His optimism was warranted. The bipartisan effort was generally well-received across the country and across ideological lines. And McCain’s participation — as well as that of rising Republican star Sen. Marco Rubio (Fla.) — gave the plan a level of legitimacy and a promise of success not seen since the 2007 McCain-led effort to reform the immigration system, which ultimately failed.
The reception back home was not nearly as positive, as McCain has learned in often-hostile town hall meetings over the past two days. And it’s not surprising.
In 2010, in the heat of a close race for reelection, McCain boiled down his stance on immigration reform into one memorable phrase: “Complete the danged fence,” a reference to tightening border security. Now, in light of his enthusiasm for broad reforms that could include a pathway to citizenship for millions of undocumented immigrants, critics have accused McCain of flip-flopping and selling out.
McCain’s 2010 primary opponent, J.D. Hayworth, called McCain’s often-stated belief that immigration reform could benefit Republicans “misguided and false.”
Maricopa County Sheriff Joe Arpaio, whose office phone hold message includes the prompt, “If you are aware of any illegal immigration activity, call the hotline to report it,” said: “I don’t think this is the first time on an issue that he’s changed. Check his records.”
McCain has dismissed his critics with characteristic vehemence, even calling one town hall attendee a “jerk.”
The long search for the Real John McCain continues.
The 76-year-old will be 80 when he is again up for reelection in Arizona in 2016. “I have seen a number of occasions around here where people have stayed too long,” McCain said during a recent interview in his Russell Senate Building office. “I have seen people who were real giants in this institution deteriorate, and unfortunately, we remember them at the end.”
Endings matter in politics. If McCain is approaching the exit, this term could determine how he will be remembered. (“In the way people think of him,” former GOP Arizona senator Jon Kyl said, “in the near term, it matters a great deal.”)

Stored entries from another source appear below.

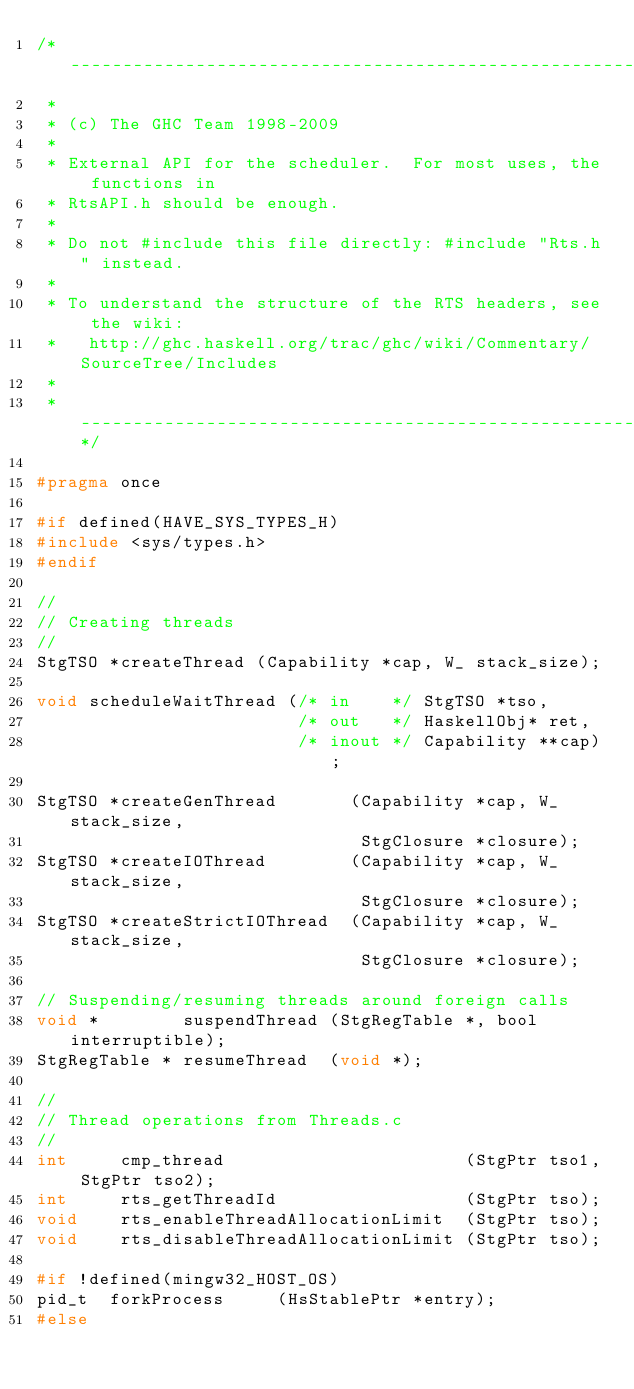Convert code to text. <code><loc_0><loc_0><loc_500><loc_500><_C_>/* -----------------------------------------------------------------------------
 *
 * (c) The GHC Team 1998-2009
 *
 * External API for the scheduler.  For most uses, the functions in
 * RtsAPI.h should be enough.
 *
 * Do not #include this file directly: #include "Rts.h" instead.
 *
 * To understand the structure of the RTS headers, see the wiki:
 *   http://ghc.haskell.org/trac/ghc/wiki/Commentary/SourceTree/Includes
 *
 * ---------------------------------------------------------------------------*/

#pragma once

#if defined(HAVE_SYS_TYPES_H)
#include <sys/types.h>
#endif

//
// Creating threads
//
StgTSO *createThread (Capability *cap, W_ stack_size);

void scheduleWaitThread (/* in    */ StgTSO *tso,
                         /* out   */ HaskellObj* ret,
                         /* inout */ Capability **cap);

StgTSO *createGenThread       (Capability *cap, W_ stack_size,
                               StgClosure *closure);
StgTSO *createIOThread        (Capability *cap, W_ stack_size,
                               StgClosure *closure);
StgTSO *createStrictIOThread  (Capability *cap, W_ stack_size,
                               StgClosure *closure);

// Suspending/resuming threads around foreign calls
void *        suspendThread (StgRegTable *, bool interruptible);
StgRegTable * resumeThread  (void *);

//
// Thread operations from Threads.c
//
int     cmp_thread                       (StgPtr tso1, StgPtr tso2);
int     rts_getThreadId                  (StgPtr tso);
void    rts_enableThreadAllocationLimit  (StgPtr tso);
void    rts_disableThreadAllocationLimit (StgPtr tso);

#if !defined(mingw32_HOST_OS)
pid_t  forkProcess     (HsStablePtr *entry);
#else</code> 
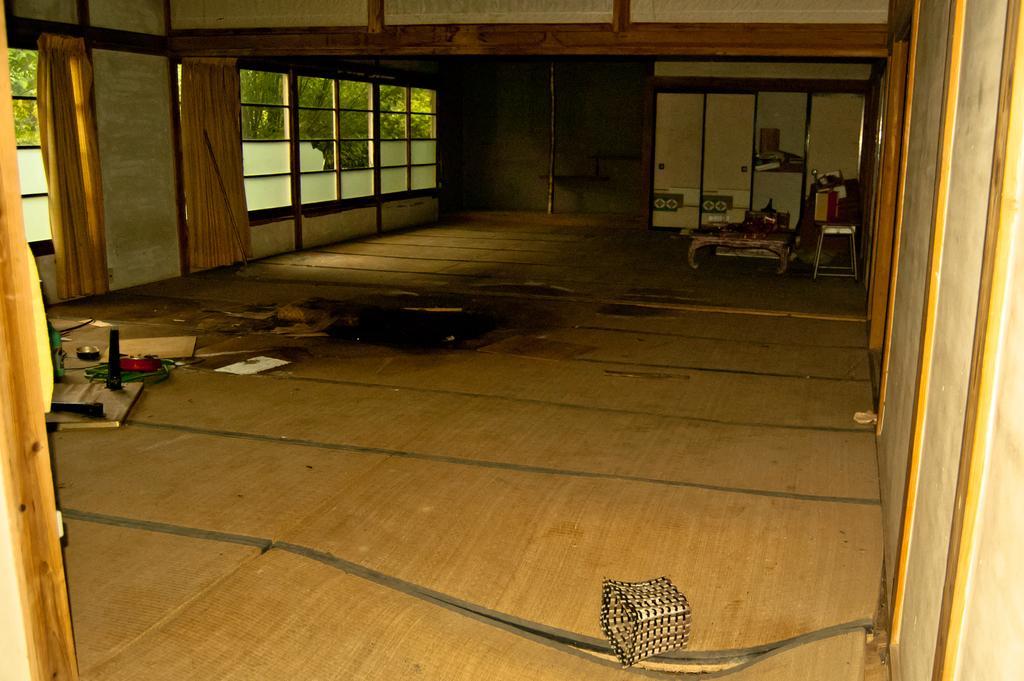How would you summarize this image in a sentence or two? In this picture we can see table, stool and objects on wooden floor. We can see curtains, cupboards and glass windows, through glass windows we can see leaves. 
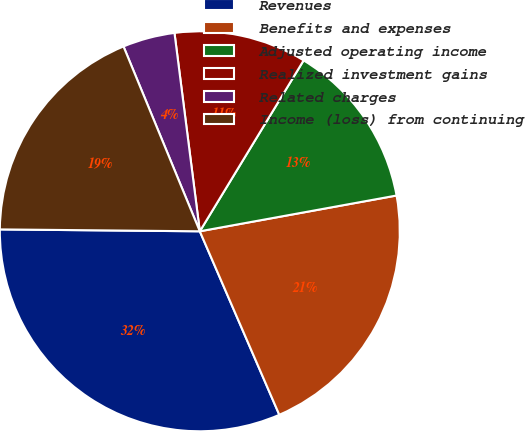Convert chart to OTSL. <chart><loc_0><loc_0><loc_500><loc_500><pie_chart><fcel>Revenues<fcel>Benefits and expenses<fcel>Adjusted operating income<fcel>Realized investment gains<fcel>Related charges<fcel>Income (loss) from continuing<nl><fcel>31.66%<fcel>21.36%<fcel>13.45%<fcel>10.71%<fcel>4.21%<fcel>18.62%<nl></chart> 
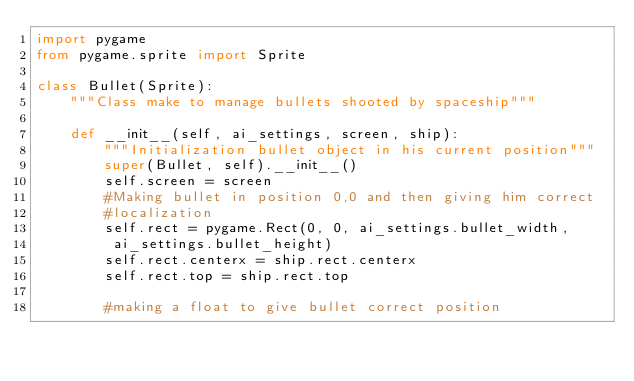<code> <loc_0><loc_0><loc_500><loc_500><_Python_>import pygame
from pygame.sprite import Sprite

class Bullet(Sprite):
	"""Class make to manage bullets shooted by spaceship"""
	
	def __init__(self, ai_settings, screen, ship):
		"""Initialization bullet object in his current position"""
		super(Bullet, self).__init__()
		self.screen = screen
		#Making bullet in position 0,0 and then giving him correct 
		#localization
		self.rect = pygame.Rect(0, 0, ai_settings.bullet_width,
		 ai_settings.bullet_height)
		self.rect.centerx = ship.rect.centerx
		self.rect.top = ship.rect.top

		#making a float to give bullet correct position</code>

Right now, like it or not, the five-term senator is stuck in “get off my lawn” territory, lashing out at his friend-turned-foe Chuck Hagel, President Obama’s nominee for defense secretary; incessantly tugging at what McCain is convinced is a coverup of the September attack on the U.S. mission in Benghazi, Libya; lambasting the president; and railing against indiscriminate defense cuts. If hard-core conservatives feel burned by McCain’s resurgent reform spirit, the media that he once called his “base” have essentially written him off as an angry and sour loser who once went through a maverick phase but has, in the words of “Daily Show” host Jon Stewart, gone on a “seven-year quest to negate every good thing he’d ever done.”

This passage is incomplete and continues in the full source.